No, I am not addressing the present matter of the Governor of Illinois, apart from my amazement that Impeachment by a legislature remains part of the US system. I was horrified by the attending humbug during the Clinton impeachment process and I wonder whether the legislators in Illinois have the competence, the “clean hands” or the objectivity to conduct an impartial “trial”.

What disturbs me is that the Episcopal Church retains the system which it inherited from the State probably because many of the framers of its original Constitution and Canons were involved in framing the Articles of Confederation and later the American Constitution a few years before Great Britain decided that the secular courts were the appropriate venue for bring corrupt or culpable officials to justice,

I would have hoped that those revising our discipline Canons, so soon after the Clinton debacle would have decided that the business of deciding the culpability of bishops and other clergy would have been the task of properly constituted ecclesiastical courts and not that of the House of Bishops or Bishops and Standing Committees.  Of course the final judgement should be officially pronounced by the appropriate person, whether Primate or Diocesan Bishop but that is not the matter at hand.

Allied to such reform should be the creation of the ecclesiastical version of a Supreme Court, made up of appropriately trained Canon Lawyers. All too often Chancellors in TEC are lawyers with no training in Canon and Ecclesiastical Law. It is merely assumed that a lawyer who is an Episcopalian and ready to serve may immediately assume competence in interpreting Canons. That is an entirely false assumption and has created at every level astounding incompetence on the part of those who are in fact well meaning amateurs. It is similarly assumed that bishops who were trained as lawyers in their previous lives are therefore learned in the principles, precedents and history of Ecclesiastical Law.

There is no need at present for me to rehearse the stories of recent depositions. Whatever is said, it is certainly not abundently clear that depositions handed down by the House of Bishops in recent times have been free from partisanship or an opportunistic approach to Canon Law justified by ecclesiastical peril.

Simply because the Episcopal Church lacks the equivalent of a Supreme Court, General Convention assumes competence to revise or adopt Canons and probably to formulate doctrine and remains its own sovereign reference.

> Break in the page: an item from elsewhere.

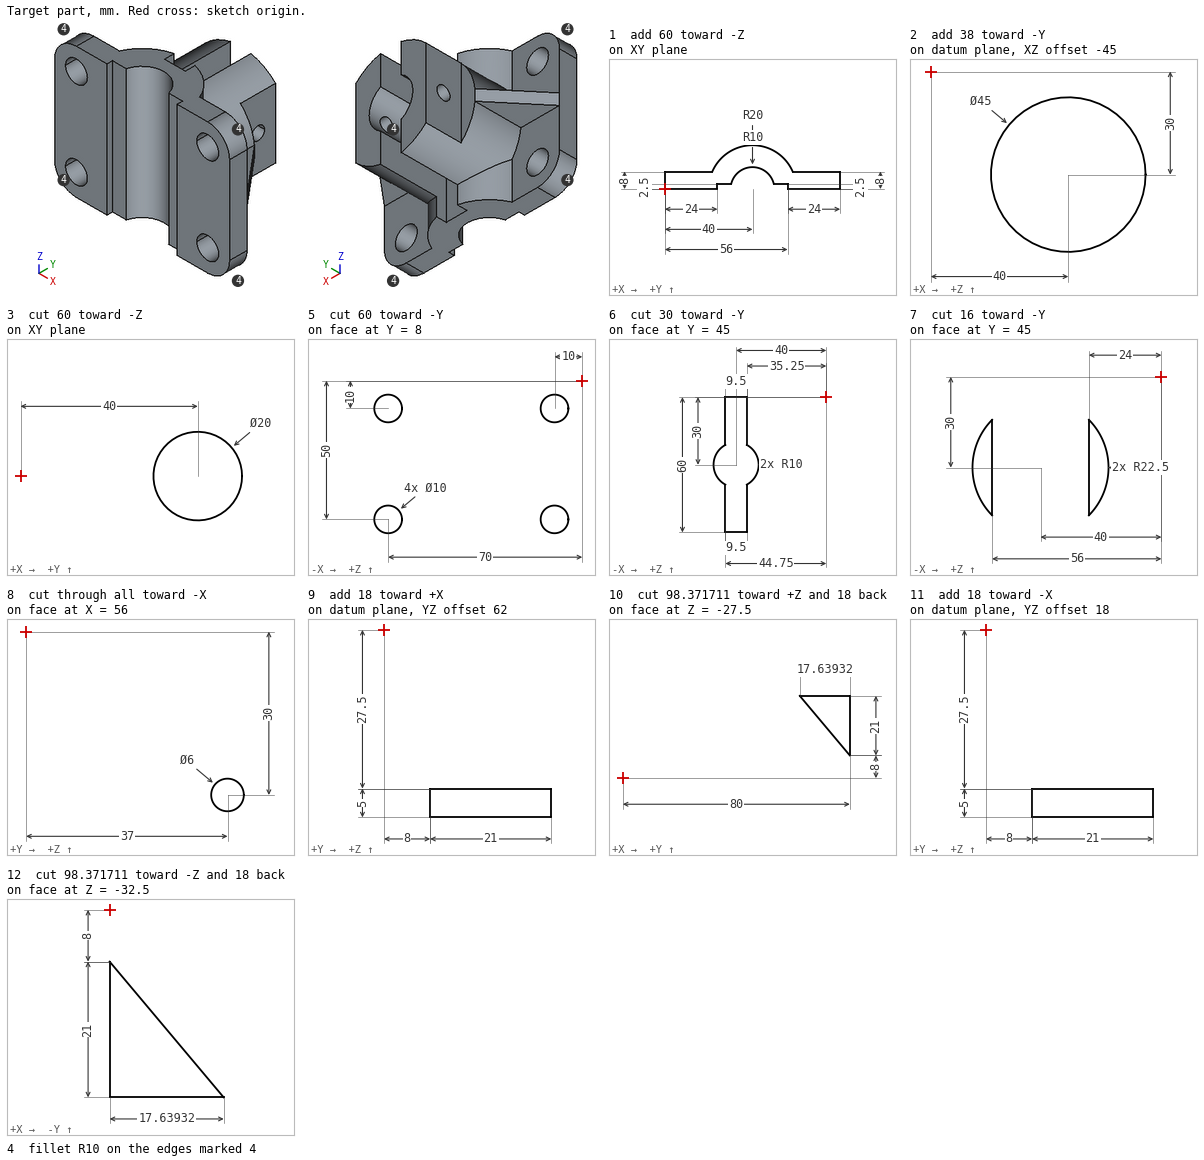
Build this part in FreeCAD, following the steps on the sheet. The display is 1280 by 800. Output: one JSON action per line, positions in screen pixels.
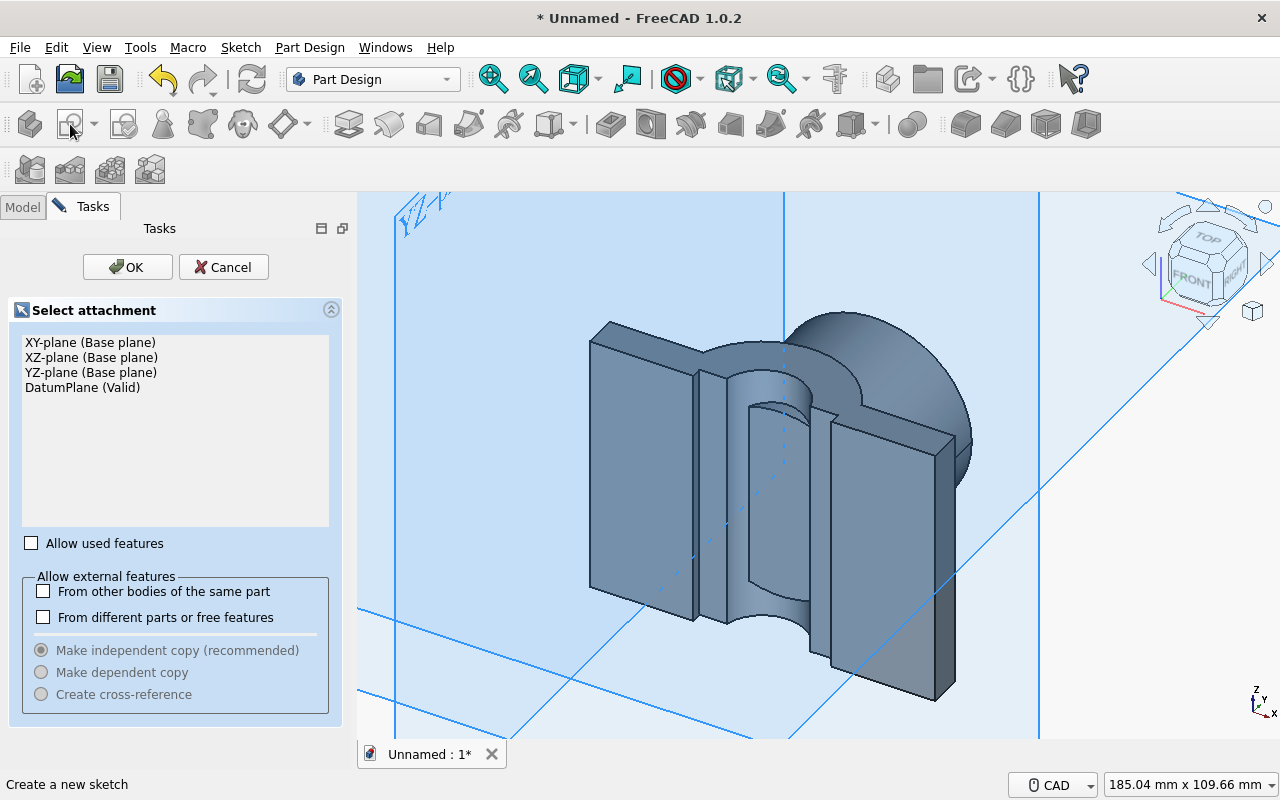
{"action": "left_click", "coordinate": [82, 342]}
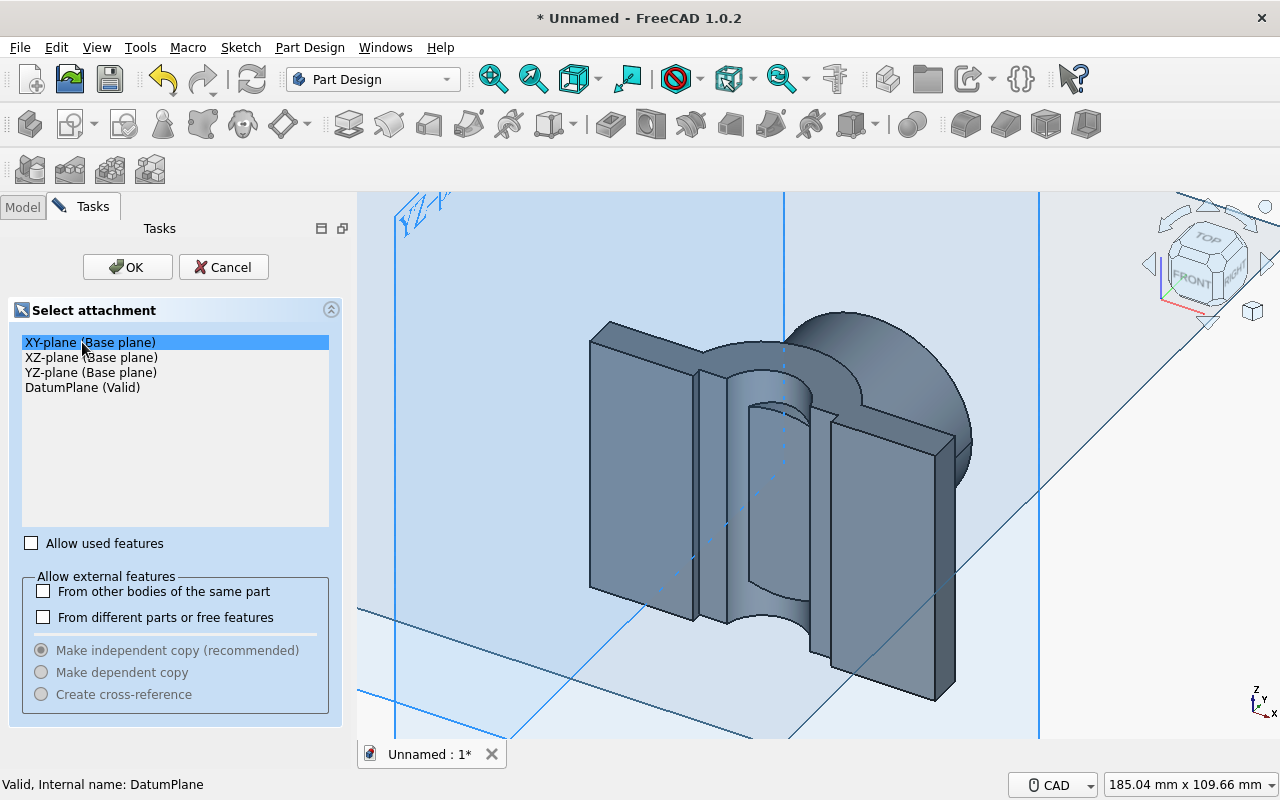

If indeed the present mood of the country is to end partisan politics and bring all segments of public opinion into the political process it may well be that grass roots Episcopalians will begin to press for a similar process among us. Just as the country faces enormous economic and political problems so does our church. No doubt the country’s economic woes will begin to tell within our church. Dwindling income and a continued loss of parishioners are bound to press upon our Establishment that crisis is at hand.

It is a tragedy that at this moment, the traditionalist constituency in TEC has been weakened by defection. I have a mind to suggest that the next General Convention will be occupied by these economic and jurisdictional matters in a pressing manner. The efforts to reform our disciplinary Canons should be a time for a thorough revision of the way we govern ourselves. It is high time we abolished 18th. Century concepts of ecclesiastical impeachment and similarly a time to establish a body entrusted with judging the constitutionality of the interpretations placed upon and the concepts embodied in our Canon Law. Perhaps Bishop Duncan and his fellow “impeached” bishops are our contemporary Warren Hastings? That indeed would be ironic.